In reviewing the case presented above, this patient did have risk factors for methanol toxicity. In the initial history, it was noted by EMS that the patient looked “disheveled”, and that there were “several pill bottles and an empty bottle of alcohol” scattered around the house. Additionally, it was noted that the patient was currently experiencing depression in the setting of a recent divorce with his wife.

Clinical Presentations of Methanol Toxicity and some relevant Pathophysiology/Biochemistry

• Inebriation: Inebriation is thought to be caused by activation of GABA-A receptors, similar to ethanol, and therefore presents similarly to ethanol intoxication with drowsiness, disinhibition, and slurred speech.

On the patient’s initial exam he was noted to be “sleepy, but awakened to voice”. He was also noted to have poor concentration as well as slurred speech, all of which are suggestive of inebriation.

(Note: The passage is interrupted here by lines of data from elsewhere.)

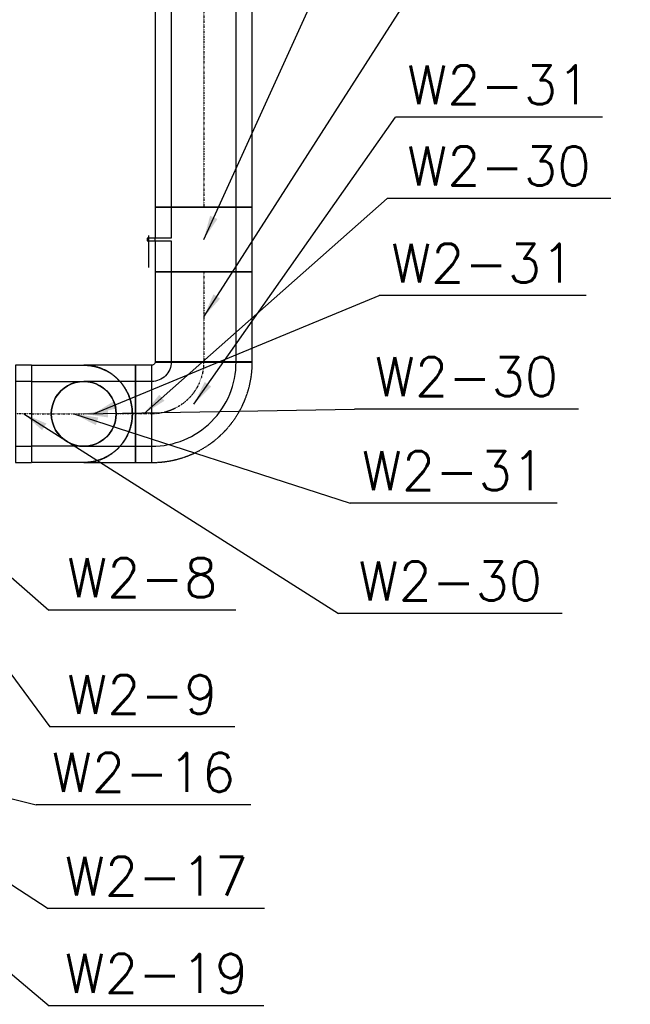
# Model space of a CAD drawing. Header units: millimetres. Extents: x -40063 to 512011, y 350190 to 687060.
# Tile 133 of 256: x 110918 to 112802, y 611485 to 614521. Entities that reach past the tile are written whole.
import ezdxf

# ---------------------------------------------------------------- set-up
doc = ezdxf.new("R2010")
doc.units = ezdxf.units.MM
doc.linetypes.add('DASHDOT', pattern=[1, 0.5, -0.25, 0, -0.25])
doc.linetypes.add('DASHED', pattern=[0.75, 0.5, -0.25])
doc.layers.get('0').update_dxf_attribs({"color": 8})
for name, color, linetype in [('FLUID-W2', 7, 'Continuous'), ('FLUID-W2-120-NUM', 7, 'Continuous'), ('FLUID-W2-INS', 7, 'Continuous'), ('FLUID-W2-SYM', 7, 'Continuous')]:
    doc.layers.add(name, color=color, linetype=linetype)
doc.styles.add('FDBES', font='simplex.shx')
doc.dimstyles.new('FDBES', dxfattribs={"dimscale": 50, "dimtxt": 4, "dimasz": 2.5, "dimexe": 0.8, "dimexo": 2, "dimgap": 1, "dimtad": 1, "dimdsep": 46, "dimtxsty": 'FDBES', "dimcen": 2.5, "dimclrd": 4, "dimclre": 5, "dimadec": 0, "dimazin": 0, "dimtfac": 1, "dimtmove": 0, "dimatfit": 3, "dimfxl": 1, "dimarcsym": 0})

# ---------------------------------------------------------------- blocks, each defined once
blk = doc.blocks.new('*U15685')
at = {"color": 0, "linetype": 'ByBlock', "lineweight": -2}
for p, q in [((25, 0, -100), (-25, 0, -100)), ((-25, 0, 100), (25, 0, 100))]:
    blk.add_line(p, q, dxfattribs=at)
at = {"layer": 'FLUID-W2-INS', "color": 243, "linetype": 'DASHED', "lineweight": -3}
for p, q in [((25, 0, -150), (-25, 0, -150)), ((-25, 0, -150), (-25, 0, 150)), ((25, 0, 150), (25, 0, -150)), ((-25, 0, 150), (25, 0, 150))]:
    blk.add_line(p, q, dxfattribs=at)
at = {"layer": 'FLUID-W2-SYM', "color": 243, "linetype": 'DASHDOT', "lineweight": -3}
blk.add_line((-25, 0), (25, 0), dxfattribs=at)
blk = doc.blocks.new('*U16047')
at = {"color": 0, "linetype": 'ByBlock', "lineweight": -2}
for p, q in [((25, 0, -100), (-25, 0, -100)), ((-25, 0, 100), (25, 0, 100))]:
    blk.add_line(p, q, dxfattribs=at)
at = {"layer": 'FLUID-W2-INS', "color": 243, "linetype": 'DASHED', "lineweight": -3}
for p, q in [((25, 0, -150), (-25, 0, -150)), ((-25, 0, 150), (25, 0, 150)), ((-25, 0, -150), (-25, 0, 150)), ((25, 0, 150), (25, 0, -150))]:
    blk.add_line(p, q, dxfattribs=at)
at = {"layer": 'FLUID-W2-SYM', "color": 243, "linetype": 'DASHDOT', "lineweight": -3}
blk.add_line((-25, 0), (25, 0), dxfattribs=at)
blk = doc.blocks.new('*U16791')
at = {"color": 0, "linetype": 'ByBlock', "lineweight": -2}
blk.add_ellipse((130, -130), major_axis=(0, 260), ratio=1, start_param=0, end_param=1.570797, dxfattribs=at)
at = {"color": 0, "linetype": 'ByBlock', "lineweight": -2, "extrusion": (-7.29219e-23, -4.34479e-29, -1)}
blk.add_ellipse((130, -130), major_axis=(-60, 0), ratio=1, start_param=0, end_param=1.570797, dxfattribs=at)
at = {"layer": 'FLUID-W2-INS', "color": 243, "linetype": 'DASHED', "lineweight": -3}
for p, q in [((130, 180), (130, -120)), ((-180, -130), (120, -130))]:
    blk.add_line(p, q, dxfattribs=at)
blk.add_ellipse((130, -130), major_axis=(0, 310), ratio=1, start_param=0, end_param=1.570796, dxfattribs=at)
at = {"layer": 'FLUID-W2-INS', "color": 243, "linetype": 'DASHED', "lineweight": -3, "extrusion": (-4.37532e-22, -1.56316e-27, -1)}
blk.add_ellipse((130, -130), major_axis=(-10, 0), ratio=1, start_param=0, end_param=1.570801, dxfattribs=at)
at = {"layer": 'FLUID-W2-SYM', "color": 243, "linetype": 'DASHDOT', "lineweight": -3, "extrusion": (4.93038e-32, 6.03797e-48, -1)}
blk.add_ellipse((130, -130), major_axis=(-160, 0), ratio=1, start_param=0, end_param=1.570796, dxfattribs=at)
blk = doc.blocks.new('*U15459')
at = {"color": 0, "linetype": 'ByBlock', "lineweight": -2}
for p, q in [((130, 0, 100), (-30, 0, 100)), ((-30, 0, -100), (130, 0, -100))]:
    blk.add_line(p, q, dxfattribs=at)
at = {"color": 243, "linetype": 'Continuous', "lineweight": -2}
for p, q in [((130, 0), (130, 0, 100)), ((130, 0, -100), (130, 0))]:
    blk.add_line(p, q, dxfattribs=at)
at = {"color": 243, "linetype": 'Continuous', "lineweight": -2, "extrusion": (-1.23102e-32, -1, 1.0052e-16)}
blk.add_ellipse((-30, 0), major_axis=(0, 0, 100), ratio=1, start_param=0, end_param=1.570796, dxfattribs=at)
at = {"color": 243, "linetype": 'Continuous', "lineweight": -2, "extrusion": (-3.92877e-17, -1, -4.81136e-33)}
blk.add_ellipse((-30, 0), major_axis=(-100, 0), ratio=1, start_param=0, end_param=1.570796, dxfattribs=at)
at = {"layer": 'FLUID-W2-INS', "color": 243, "linetype": 'DASHED', "lineweight": -3}
for p, q in [((-30, 0, -150), (130, 0, -150)), ((130, 0, 150), (-30, 0, 150)), ((130, 0, -150), (130, 0, -100)), ((130, 0, 100), (130, 0, 150))]:
    blk.add_line(p, q, dxfattribs=at)
at = {"layer": 'FLUID-W2-INS', "color": 243, "linetype": 'DASHED', "lineweight": -3, "extrusion": (5.54513e-17, -1, 6.79083e-33)}
blk.add_ellipse((-30, 0), major_axis=(-150, 0), ratio=1, start_param=0, end_param=1.570796, dxfattribs=at)
at = {"layer": 'FLUID-W2-INS', "color": 243, "linetype": 'DASHED', "lineweight": -3, "extrusion": (-7.07974e-34, -1, 5.78104e-18)}
blk.add_ellipse((-30, 0), major_axis=(0, 0, 150), ratio=1, start_param=0, end_param=1.570796, dxfattribs=at)
at = {"layer": 'FLUID-W2-SYM', "color": 243, "linetype": 'DASHDOT', "lineweight": -3}
blk.add_line((130, 0), (-30, 0), dxfattribs=at)
blk = doc.blocks.new('*U16790')
at = {"color": 243, "linetype": 'Continuous', "lineweight": -3, "extrusion": (-1, 6.84228e-49, -1.0052e-16)}
for major_axis in [(0, 0, 100), (0, 0, -100)]:
    blk.add_ellipse((0, 0), major_axis=major_axis, ratio=1, start_param=0, end_param=3.141593, dxfattribs=at)
at = {"color": 243, "linetype": 'Continuous', "lineweight": -2, "extrusion": (1, -6.84228e-49, 1.0052e-16)}
for major_axis in [(0, 0, -100), (0, 0, 100)]:
    blk.add_ellipse((0, 0), major_axis=major_axis, ratio=1, start_param=0, end_param=3.141593, dxfattribs=at)
at = {"layer": 'FLUID-W2-INS', "color": 243, "linetype": 'DASHED', "lineweight": -3, "extrusion": (1, 0, 5.78104e-18)}
blk.add_ellipse((0, 0), major_axis=(0, 0, 150), ratio=1, start_param=0, end_param=3.141593, dxfattribs=at)
blk = doc.blocks.new('*U16789')
at = {"color": 0, "linetype": 'ByBlock', "lineweight": -2}
for p, q in [((0, 30, 100), (0, -130, 100)), ((0, -130, -100), (0, 30, -100))]:
    blk.add_line(p, q, dxfattribs=at)
at = {"color": 243, "linetype": 'Continuous', "lineweight": -2}
for p, q in [((0, -130, 100), (0, -130)), ((0, -130), (0, -130, -100))]:
    blk.add_line(p, q, dxfattribs=at)
at = {"color": 243, "linetype": 'Continuous', "lineweight": -3, "extrusion": (-1, -1.46433e-13, -4.97755e-33)}
for major_axis in [(0, -100), (0, 100)]:
    blk.add_ellipse((0, 30), major_axis=major_axis, ratio=1, start_param=0, end_param=3.141593, dxfattribs=at)
at = {"layer": 'FLUID-W2-INS', "color": 243, "linetype": 'DASHED', "lineweight": -3}
for p, q in [((0, -130, -150), (0, 30, -150)), ((0, 30, 150), (0, -130, 150)), ((0, -130, -100), (0, -130, -150)), ((0, -130, 150), (0, -130, 100))]:
    blk.add_line(p, q, dxfattribs=at)
at = {"layer": 'FLUID-W2-SYM', "color": 243, "linetype": 'DASHDOT', "lineweight": -3}
for p, q in [((0, -120), (0, -70)), ((0, -130), (0, -120))]:
    blk.add_line(p, q, dxfattribs=at)
blk = doc.blocks.new('*U16043')
at = {"color": 0, "linetype": 'ByBlock', "lineweight": -2}
for p, q in [((611, 0, -100), (-611, 0, -100)), ((-611, 0, 100), (611, 0, 100))]:
    blk.add_line(p, q, dxfattribs=at)
at = {"layer": 'FLUID-W2-INS', "color": 243, "linetype": 'DASHED', "lineweight": -3}
for p, q in [((611, 0, -150), (-611, 0, -150)), ((-611, 0, 150), (611, 0, 150)), ((611, 0, 150), (611, 0, -150)), ((-611, 0, -150), (-611, 0, 150))]:
    blk.add_line(p, q, dxfattribs=at)
at = {"layer": 'FLUID-W2-SYM', "color": 243, "linetype": 'DASHDOT', "lineweight": -3}
blk.add_line((-611, 0), (611, 0), dxfattribs=at)
blk = doc.blocks.new('*U16768')
at = {"color": 0, "linetype": 'ByBlock', "lineweight": -2}
for p, q in [((-100, 0, 100), (-4, 0, 100)), ((-12.7, 0, 170), (1.4, 0, 170)), ((-4, 0, 174), (4, 0, 174)), ((-4, 0, 100), (-4, 0, 174)), ((4, 0, 150), (-4, 0, 150)), ((1.4, 0, 170), (86.3, 0, 170)), ((4, 0, 174), (4, 0, 100)), ((4, 0, 100), (100, 0, 100)), ((100, 0, -100), (-100, 0, -100))]:
    blk.add_line(p, q, dxfattribs=at)
at = {"layer": 'FLUID-W2-INS', "color": 243, "linetype": 'DASHED', "lineweight": -3}
for p, q in [((-100, 0, 150), (-50, 0, 150)), ((-100, 0, -150), (-100, 0, 150)), ((-50, 0, 150), (-4, 0, 150)), ((4, 0, 150), (50, 0, 150)), ((50, 0, 150), (100, 0, 150)), ((100, 0, 150), (100, 0, -150)), ((100, 0, -150), (-100, 0, -150))]:
    blk.add_line(p, q, dxfattribs=at)
blk = doc.blocks.new('*U16767')
at = {"color": 0, "linetype": 'ByBlock', "lineweight": -2}
for p, q in [((139, 0, -100), (-139, 0, -100)), ((-139, 0, 100), (139, 0, 100))]:
    blk.add_line(p, q, dxfattribs=at)
at = {"layer": 'FLUID-W2-INS', "color": 243, "linetype": 'DASHED', "lineweight": -3}
for p, q in [((-139, 0, 150), (139, 0, 150)), ((-139, 0, -150), (-139, 0, 150)), ((139, 0, 150), (139, 0, -150)), ((139, 0, -150), (-139, 0, -150))]:
    blk.add_line(p, q, dxfattribs=at)
at = {"layer": 'FLUID-W2-SYM', "color": 243, "linetype": 'DASHDOT', "lineweight": -3}
for p, q in [((-139, 0), (138.8, 0)), ((138.8, 0), (139, 0)), ((-139, 0), (-138.8, 0))]:
    blk.add_line(p, q, dxfattribs=at)
blk = doc.blocks.new('*U16348')
at = {"color": 7}
blk.add_line((962, -337.5), (386, -337.5), dxfattribs=at)
at = {"color": 7, "insert": (674, -337.5), "char_height": 120, "attachment_point": 5, "style": 'FDBES'}
blk.add_mtext('W2-8\\P ', dxfattribs=at)
at = {"color": 7}
blk.add_leader([(0, 0), (386, -337.5)], dimstyle='FDBES', override={"dimscale": 30, "dimclrd": 7, "dimclre": 7}, dxfattribs=at)
blk = doc.blocks.new('*U16349')
at = {"color": 7}
blk.add_line((959.2, -524.6), (388.9, -524.6), dxfattribs=at)
at = {"color": 7, "insert": (674, -524.6), "char_height": 120, "attachment_point": 5, "style": 'FDBES'}
blk.add_mtext('W2-9\\P ', dxfattribs=at)
at = {"color": 7}
blk.add_leader([(0, 0), (388.9, -524.6)], dimstyle='FDBES', override={"dimscale": 30, "dimclrd": 7, "dimclre": 7}, dxfattribs=at)
blk = doc.blocks.new('*U16370')
at = {"color": 7}
blk.add_line((1660.9, -615.4), (970.6, -615.4), dxfattribs=at)
at = {"color": 7, "insert": (1315.8, -615.4), "char_height": 120, "attachment_point": 5, "style": 'FDBES'}
blk.add_mtext('W2-30\\P ', dxfattribs=at)
at = {"color": 7}
blk.add_leader([(0, 0), (970.6, -615.4)], dimstyle='FDBES', override={"dimscale": 30, "dimclrd": 7, "dimclre": 7}, dxfattribs=at)
blk = doc.blocks.new('*U16371')
at = {"color": 7}
blk.add_line((1490.2, -275.4), (851.4, -275.4), dxfattribs=at)
at = {"color": 7, "insert": (1170.8, -275.4), "char_height": 120, "attachment_point": 5, "style": 'FDBES'}
blk.add_mtext('W2-31\\P ', dxfattribs=at)
at = {"color": 7}
blk.add_leader([(0, 0), (851.4, -275.4)], dimstyle='FDBES', override={"dimscale": 30, "dimclrd": 7, "dimclre": 7}, dxfattribs=at)
blk = doc.blocks.new('*U16372')
at = {"color": 7}
blk.add_line((1525.9, 14.6), (835.6, 14.6), dxfattribs=at)
at = {"color": 7, "insert": (1180.8, 14.6), "char_height": 120, "attachment_point": 5, "style": 'FDBES'}
blk.add_mtext('W2-30\\P ', dxfattribs=at)
at = {"color": 7}
blk.add_leader([(0, 0), (835.6, 14.6)], dimstyle='FDBES', override={"dimscale": 30, "dimclrd": 7, "dimclre": 7}, dxfattribs=at)
blk = doc.blocks.new('*U16373')
at = {"color": 7}
blk.add_line((1520.2, 364.6), (881.4, 364.6), dxfattribs=at)
at = {"color": 7, "insert": (1200.8, 364.6), "char_height": 120, "attachment_point": 5, "style": 'FDBES'}
blk.add_mtext('W2-31\\P ', dxfattribs=at)
at = {"color": 7}
blk.add_leader([(0, 0), (881.4, 364.6)], dimstyle='FDBES', override={"dimscale": 30, "dimclrd": 7, "dimclre": 7}, dxfattribs=at)
blk = doc.blocks.new('*U16374')
at = {"color": 7}
blk.add_line((1440.9, 664.6), (750.6, 664.6), dxfattribs=at)
at = {"color": 7, "insert": (1095.8, 664.6), "char_height": 120, "attachment_point": 5, "style": 'FDBES'}
blk.add_mtext('W2-30\\P ', dxfattribs=at)
at = {"color": 7}
blk.add_leader([(0, 0), (750.6, 664.6)], dimstyle='FDBES', override={"dimscale": 30, "dimclrd": 7, "dimclre": 7}, dxfattribs=at)
blk = doc.blocks.new('*U16375')
at = {"color": 7}
blk.add_line((1260.2, 884.6), (621.4, 884.6), dxfattribs=at)
at = {"color": 7, "insert": (940.8, 884.6), "char_height": 120, "attachment_point": 5, "style": 'FDBES'}
blk.add_mtext('W2-31\\P ', dxfattribs=at)
at = {"color": 7}
blk.add_leader([(0, 0), (621.4, 884.6)], dimstyle='FDBES', override={"dimscale": 30, "dimclrd": 7, "dimclre": 7}, dxfattribs=at)
blk = doc.blocks.new('*U16376')
at = {"color": 7}
blk.add_line((1315.9, 975.8), (625.6, 975.8), dxfattribs=at)
at = {"color": 7, "insert": (970.8, 975.8), "char_height": 120, "attachment_point": 5, "style": 'FDBES'}
blk.add_mtext('W2-32\\P ', dxfattribs=at)
at = {"color": 7}
blk.add_leader([(0, 0), (625.6, 975.8)], dimstyle='FDBES', override={"dimscale": 30, "dimclrd": 7, "dimclre": 7}, dxfattribs=at)
blk = doc.blocks.new('*U16377')
at = {"color": 7}
blk.add_line((1165.9, 1047), (475.6, 1047), dxfattribs=at)
at = {"color": 7, "insert": (820.8, 1047), "char_height": 120, "attachment_point": 5, "style": 'FDBES'}
blk.add_mtext('W2-33\\P ', dxfattribs=at)
at = {"color": 7}
blk.add_leader([(0, 0), (475.6, 1047)], dimstyle='FDBES', override={"dimscale": 30, "dimclrd": 7, "dimclre": 7}, dxfattribs=at)
blk = doc.blocks.new('*U17536')
at = {"color": 7}
blk.add_line((1048.3, -326.1), (386.6, -326.1), dxfattribs=at)
at = {"color": 7, "insert": (717.4, -326.1), "char_height": 120, "attachment_point": 5, "style": 'FDBES'}
blk.add_mtext('W2-19\\P ', dxfattribs=at)
at = {"color": 7}
blk.add_leader([(0, 0), (386.6, -326.1)], dimstyle='FDBES', override={"dimscale": 30, "dimclrd": 7, "dimclre": 7}, dxfattribs=at)
blk = doc.blocks.new('*U17537')
at = {"color": 7}
blk.add_line((1051.1, -250.1), (383.7, -250.1), dxfattribs=at)
at = {"color": 7, "insert": (717.4, -250.1), "char_height": 120, "attachment_point": 5, "style": 'FDBES'}
blk.add_mtext('W2-17\\P ', dxfattribs=at)
at = {"color": 7}
blk.add_leader([(0, 0), (383.7, -250.1)], dimstyle='FDBES', override={"dimscale": 30, "dimclrd": 7, "dimclre": 7}, dxfattribs=at)
blk = doc.blocks.new('*U17538')
at = {"color": 7}
blk.add_line((1008.3, -86.6), (346.6, -86.6), dxfattribs=at)
at = {"color": 7, "insert": (677.4, -86.6), "char_height": 120, "attachment_point": 5, "style": 'FDBES'}
blk.add_mtext('W2-16\\P ', dxfattribs=at)
at = {"color": 7}
blk.add_leader([(0, 0), (346.6, -86.6)], dimstyle='FDBES', override={"dimscale": 30, "dimclrd": 7, "dimclre": 7}, dxfattribs=at)

msp = doc.modelspace()

# ---------------------------------------------------------------- block references
at = {"layer": 'FLUID-W2', "color": 243, "linetype": 'Continuous', "extrusion": (-1, 1.22465e-16, -3.06162e-16), "rotation": 360}
for name, p in [('*U16043', (-614554.51428, -370, -111485.83919)), ('*U16768', (-613843.33301, -370, -111485.83919)), ('*U16767', (-613604.51428, -370, -111485.83919))]:
    msp.add_blockref(name, p, dxfattribs=at)
at = {"layer": 'FLUID-W2', "color": 243, "linetype": 'Continuous', "rotation": 180}
msp.add_blockref('*U16791', (111455.83919, 613335.69555, -370), dxfattribs=at)
at = {"layer": 'FLUID-W2', "color": 243, "linetype": 'Continuous', "extrusion": (1.22465e-16, 1, 1.83697e-16), "rotation": 360}
for name, p in [('*U15685', (-110930.83919, 0, 613305.69555)), ('*U16047', (-111300.83919, -370, 613305.69555))]:
    msp.add_blockref(name, p, dxfattribs=at)
at = {"layer": 'FLUID-W2', "color": 243, "linetype": 'Continuous', "extrusion": (-1.22465e-16, 1, 1.83697e-16), "rotation": 360}
msp.add_blockref('*U15459', (-111085.83919, -30, 613305.69555), dxfattribs=at)
at = {"layer": 'FLUID-W2', "color": 243, "linetype": 'Continuous', "extrusion": (0, -1, -1.83697e-16), "rotation": 90}
for name, p in [('*U16790', (111115.83919, -185, -613305.69555)), ('*U16789', (111145.83919, -340, -613305.69555))]:
    msp.add_blockref(name, p, dxfattribs=at)
at = {"layer": 'FLUID-W2-120-NUM', "linetype": 'ByBlock'}
for name, p in [('*U16377', (111485.83919, 613843.33301, -370)), ('*U16376', (111485.83919, 613604.51428, -370)), ('*U16375', (111455.83919, 613335.69555, -370)), ('*U16374', (111300.83919, 613305.69555, -370)), ('*U16373', (111145.83919, 613305.69555, -340)), ('*U16372', (111115.83919, 613305.69555, -185)), ('*U16370', (110930.83919, 613305.69555)), ('*U16371', (111085.83919, 613305.69555, -30)), ('*U16348', (110622.58005, 613037.79213)), ('*U16349', (110622.58005, 612864.8887)), ('*U17538', (110622.58005, 612186.63771)), ('*U17537', (110622.58005, 612030.13771)), ('*U17536', (110622.58005, 611806.13771))]:
    msp.add_blockref(name, p, dxfattribs=at)

doc.saveas('drawing.dxf')

• Anion Gap Metabolic Acidosis: Methanol initially contributes to the high anion gap metabolic acidosis when it is in its original form. It is metabolized by alcohol dehydrogenase (ADH) into formaldehyde.  Formaldehyde is then metabolized by aldehyde dehydrogenase (ALDH) into formic acid. Formic acid is metabolized into carbon dioxide and water in a Folic Acid/Folate-dependent reaction.

Source: EBM Consult

On reviewing the patient’s labs in the above case, he presented with an anion gap metabolic acidosis. Further discussion on this below in the section dedicated to workup for methanol toxicity. 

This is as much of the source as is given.